Erdoğan, war and the making of the new Turkish state
Turkish President Recep Tayyip Erdoğan is fighting for his own political survival by launching a war in Syria with the Kurds.
Escalating tension in Syria is the only option Erdoğan has, as he is no longer able to win support through the usual peaceful means such as a building the economy, providing welfare, the rule of law and a free society.
In the last three years, Erdoğan has attempted to regain support with extraordinary economic measures such as the distribution of cheap credit and aggressive public infrastructure investment. Though some of those populist tactics worked for a while, none provided a solution to structural economic problems such as unemployment and inflation.
Erdoğan’s economic failures cost him this year’s mayoral elections in Istanbul, Ankara and other big cities, suggesting he would lose a general election.
Keenly aware of this, Erdoğan has adopted a strategy of taking extraordinary measures. The Kurdish issue, deeply entwined with the Syria crisis, now seems to be his favourite.
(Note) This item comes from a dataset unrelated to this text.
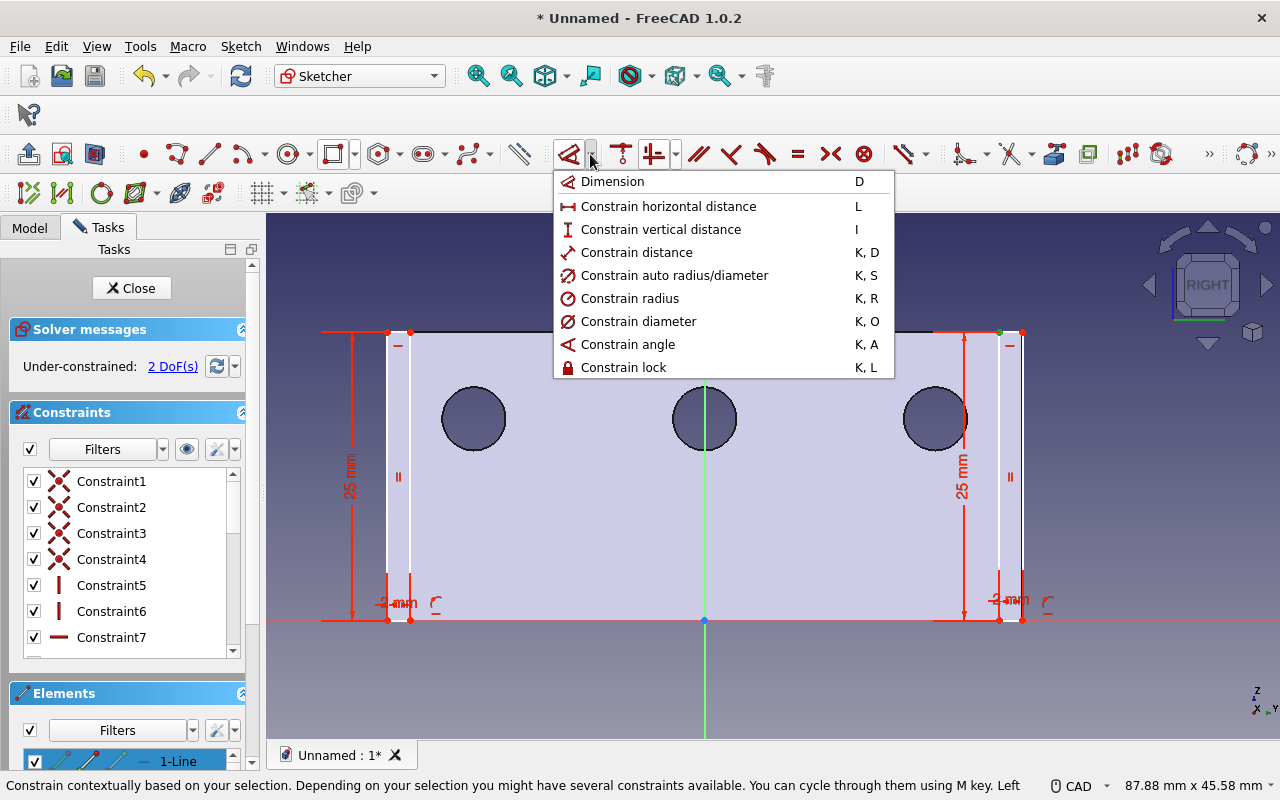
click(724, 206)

The strategy helps Erdoğan in three ways domestically. First, it weakens the anti-Erdoğan coalition, particularly putting pressure on the nationalist opposition Good Party. A tenser atmosphere on the Kurdish problem is likely to push the Good Party closer to Erdoğan’s position. An escalated crisis over the Kurdish issue could even change the position of the secular main opposition Republican People’s Party (CHP), which has been reaching out to the pro-Kurdish Peoples’ Democratic Party (HDP).
The second and the more critical effect is more structural. Erdoğan has benefited from the polarisation of politics along the Islam versus secularism fault line. He knows that a political fault line over the Kurdish problem might also help him. Erdoğan could convert tension over the Kurdish problem into a new line of polarisation through which he can consolidate a large constituency.
We are observing the early fruit of this policy. Until the breakdown of the ceasefire between the state and the Kurdistan Workers’ Party (PKK) in 2015, the official narrative on the Kurdish issue was to encourage Kurds to embrace party politics as the only route of political expression. The narrative also aimed to persuade Turks that there was a big difference between Kurds and the PKK.
But now Turkey has changed its official stance on the Kurdish issue. Now the government does not differentiate between the PKK and Kurdish politicians. Thus the HDP is also the target of the government’s attacks. The new strategy has changed the public view of Kurds and many Turks now imagine all Kurds belong to the PKK.
Finally, given that Erdoğan is in a process of creating a new regime, the securitisation of politics through crises such as Syria are an opportunity to consolidate his grip on power.
Erdoğan successfully used his fight with the Gülen movement to transform state institutions like the army and judiciary. His fight with the Gülen movement, which he blames for the 2016 coup attempt, was sometimes backed by secular groups and helped Erdoğan to restructure the state apparatus to do his bidding.
Erdoğan now wants the Kurdish problem and the Syrian crisis to consolidate his state according to his ideological preference. Having reorganised the state, the Kurdish problem could provide him opportunities to fuse the Erdoğanist state and the people.
It is much like the motto “war made the state and the state made war”. Prolonged tension with the Kurds, extended into Syria, would provide Erdoğan time and leverage to consolidate his new regime.